[Data excerpts]
*-*-*

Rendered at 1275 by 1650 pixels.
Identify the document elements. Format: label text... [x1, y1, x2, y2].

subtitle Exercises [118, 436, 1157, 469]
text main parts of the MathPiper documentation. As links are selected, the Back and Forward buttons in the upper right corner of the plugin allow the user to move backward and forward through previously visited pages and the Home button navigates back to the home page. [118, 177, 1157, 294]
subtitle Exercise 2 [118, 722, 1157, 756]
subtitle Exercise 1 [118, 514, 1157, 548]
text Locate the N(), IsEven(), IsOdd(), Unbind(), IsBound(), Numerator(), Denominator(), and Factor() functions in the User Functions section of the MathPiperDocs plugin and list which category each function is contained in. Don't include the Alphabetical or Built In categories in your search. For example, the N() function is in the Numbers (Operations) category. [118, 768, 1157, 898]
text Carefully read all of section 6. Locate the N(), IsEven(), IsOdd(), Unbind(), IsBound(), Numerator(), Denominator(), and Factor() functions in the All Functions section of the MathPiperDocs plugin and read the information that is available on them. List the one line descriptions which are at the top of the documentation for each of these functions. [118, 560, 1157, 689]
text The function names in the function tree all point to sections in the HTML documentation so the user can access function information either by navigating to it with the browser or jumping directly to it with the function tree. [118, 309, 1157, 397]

*-*-*

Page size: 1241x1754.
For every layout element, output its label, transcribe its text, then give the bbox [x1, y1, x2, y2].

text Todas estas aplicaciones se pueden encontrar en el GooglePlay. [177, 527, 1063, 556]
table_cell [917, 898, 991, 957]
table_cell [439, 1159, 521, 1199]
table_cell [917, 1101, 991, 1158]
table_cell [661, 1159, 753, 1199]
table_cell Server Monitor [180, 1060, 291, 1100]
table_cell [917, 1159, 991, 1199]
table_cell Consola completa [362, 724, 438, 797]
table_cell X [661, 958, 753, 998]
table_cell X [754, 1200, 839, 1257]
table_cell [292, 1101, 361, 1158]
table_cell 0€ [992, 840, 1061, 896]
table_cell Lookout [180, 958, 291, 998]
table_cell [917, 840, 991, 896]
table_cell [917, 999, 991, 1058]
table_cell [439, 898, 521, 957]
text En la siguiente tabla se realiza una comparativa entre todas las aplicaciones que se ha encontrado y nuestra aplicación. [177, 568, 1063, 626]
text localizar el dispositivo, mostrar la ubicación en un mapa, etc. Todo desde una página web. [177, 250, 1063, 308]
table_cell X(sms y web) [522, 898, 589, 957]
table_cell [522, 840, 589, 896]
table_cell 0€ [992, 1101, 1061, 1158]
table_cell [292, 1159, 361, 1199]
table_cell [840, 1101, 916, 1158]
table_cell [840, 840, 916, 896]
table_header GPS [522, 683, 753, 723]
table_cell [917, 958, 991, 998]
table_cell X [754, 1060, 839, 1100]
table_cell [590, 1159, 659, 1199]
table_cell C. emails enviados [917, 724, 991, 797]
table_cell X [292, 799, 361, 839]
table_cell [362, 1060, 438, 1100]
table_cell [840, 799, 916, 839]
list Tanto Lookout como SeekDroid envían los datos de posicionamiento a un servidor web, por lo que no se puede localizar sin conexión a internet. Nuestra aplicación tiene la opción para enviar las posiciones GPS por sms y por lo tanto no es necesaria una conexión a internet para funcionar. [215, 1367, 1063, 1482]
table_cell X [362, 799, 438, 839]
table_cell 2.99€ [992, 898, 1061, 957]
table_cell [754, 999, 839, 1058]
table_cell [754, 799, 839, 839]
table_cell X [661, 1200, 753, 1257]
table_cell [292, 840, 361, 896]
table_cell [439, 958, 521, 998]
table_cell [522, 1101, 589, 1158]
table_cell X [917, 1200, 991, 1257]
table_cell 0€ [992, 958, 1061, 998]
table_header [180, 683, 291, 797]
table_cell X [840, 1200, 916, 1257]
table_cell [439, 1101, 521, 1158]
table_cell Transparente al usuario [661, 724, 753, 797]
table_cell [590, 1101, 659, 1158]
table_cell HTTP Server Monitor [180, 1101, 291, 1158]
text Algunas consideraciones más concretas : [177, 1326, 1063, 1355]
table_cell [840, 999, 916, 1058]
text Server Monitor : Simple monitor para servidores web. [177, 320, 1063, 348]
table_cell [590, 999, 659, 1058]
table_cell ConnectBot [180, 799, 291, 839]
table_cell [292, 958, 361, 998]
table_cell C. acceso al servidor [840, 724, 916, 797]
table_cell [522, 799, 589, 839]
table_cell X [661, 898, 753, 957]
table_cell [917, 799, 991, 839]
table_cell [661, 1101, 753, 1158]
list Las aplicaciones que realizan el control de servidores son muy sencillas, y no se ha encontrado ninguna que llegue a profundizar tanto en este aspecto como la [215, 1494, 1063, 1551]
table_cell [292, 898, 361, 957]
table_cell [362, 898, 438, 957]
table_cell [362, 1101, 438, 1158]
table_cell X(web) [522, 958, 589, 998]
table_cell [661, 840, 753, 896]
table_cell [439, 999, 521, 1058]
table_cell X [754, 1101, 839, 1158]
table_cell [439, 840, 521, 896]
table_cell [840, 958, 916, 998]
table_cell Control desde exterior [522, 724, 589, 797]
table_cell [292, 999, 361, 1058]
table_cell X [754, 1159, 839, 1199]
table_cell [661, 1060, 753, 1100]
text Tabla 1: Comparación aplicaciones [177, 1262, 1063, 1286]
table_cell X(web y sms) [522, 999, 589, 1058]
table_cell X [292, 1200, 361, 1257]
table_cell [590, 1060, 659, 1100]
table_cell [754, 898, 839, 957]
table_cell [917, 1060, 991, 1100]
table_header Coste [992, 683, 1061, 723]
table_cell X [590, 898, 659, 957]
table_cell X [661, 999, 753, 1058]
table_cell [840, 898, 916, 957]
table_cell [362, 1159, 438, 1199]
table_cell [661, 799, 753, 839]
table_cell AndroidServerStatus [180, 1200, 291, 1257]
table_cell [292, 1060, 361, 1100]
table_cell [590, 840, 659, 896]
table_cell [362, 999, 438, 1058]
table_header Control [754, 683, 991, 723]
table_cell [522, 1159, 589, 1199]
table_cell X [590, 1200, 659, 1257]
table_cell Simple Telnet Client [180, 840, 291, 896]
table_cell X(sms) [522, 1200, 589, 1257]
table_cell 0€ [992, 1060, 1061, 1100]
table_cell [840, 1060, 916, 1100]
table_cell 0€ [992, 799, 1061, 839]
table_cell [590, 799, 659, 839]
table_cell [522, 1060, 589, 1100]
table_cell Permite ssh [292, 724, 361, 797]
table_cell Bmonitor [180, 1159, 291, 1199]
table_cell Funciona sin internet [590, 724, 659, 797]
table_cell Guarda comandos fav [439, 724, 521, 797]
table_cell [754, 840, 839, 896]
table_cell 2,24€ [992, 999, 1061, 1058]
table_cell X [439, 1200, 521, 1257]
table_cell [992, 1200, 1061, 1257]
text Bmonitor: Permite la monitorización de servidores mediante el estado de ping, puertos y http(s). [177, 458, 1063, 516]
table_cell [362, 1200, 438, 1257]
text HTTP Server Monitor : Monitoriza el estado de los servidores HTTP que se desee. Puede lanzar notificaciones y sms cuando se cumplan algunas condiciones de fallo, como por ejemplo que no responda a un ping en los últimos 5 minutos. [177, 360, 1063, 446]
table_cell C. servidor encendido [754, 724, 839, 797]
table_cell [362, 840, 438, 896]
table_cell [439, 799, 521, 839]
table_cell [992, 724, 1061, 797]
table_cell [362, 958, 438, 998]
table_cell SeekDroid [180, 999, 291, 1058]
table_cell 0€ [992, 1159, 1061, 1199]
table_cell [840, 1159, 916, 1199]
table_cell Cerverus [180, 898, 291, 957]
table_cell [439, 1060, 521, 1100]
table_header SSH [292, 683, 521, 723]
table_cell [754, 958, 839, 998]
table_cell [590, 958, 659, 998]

*-*-*

Please give an exact copy of the entries above, from the line with "table_cell X [754, 1200, 839, 1257]" down to the line with "table_cell [439, 898, 521, 957]", inclusive, and nothing else.

table_cell X [754, 1200, 839, 1257]
table_cell [292, 1101, 361, 1158]
table_cell 0€ [992, 840, 1061, 896]
table_cell Lookout [180, 958, 291, 998]
table_cell [917, 840, 991, 896]
table_cell [917, 999, 991, 1058]
table_cell [439, 898, 521, 957]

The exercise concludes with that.